- [TO DO] Without the pictures, can you quote each line below exactly?

- [DATA BELOW]
- - - -

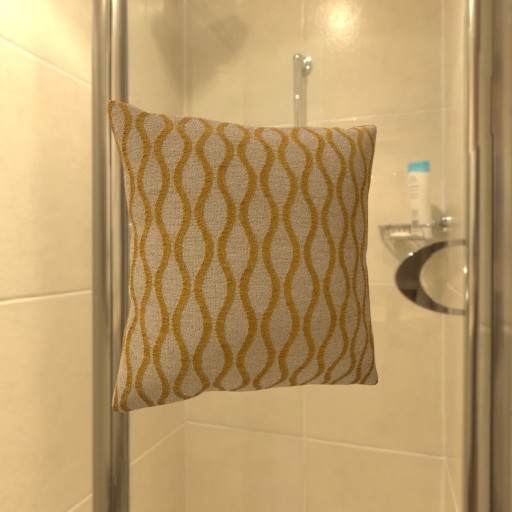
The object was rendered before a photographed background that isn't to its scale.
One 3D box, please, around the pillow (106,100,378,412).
[{"bbox_3d":[0.000,0.000,0.671,0.429,0.436,0.159,0,0,-19],"label":"pillow"}]

- - - -

- [WRITTEN SOLUTION]
The object was rendered before a photographed background that isn't to its scale.
One 3D box, please, around the pillow (106,100,378,412).
[{"bbox_3d":[0.000,0.000,0.671,0.429,0.436,0.159,0,0,-19],"label":"pillow"}]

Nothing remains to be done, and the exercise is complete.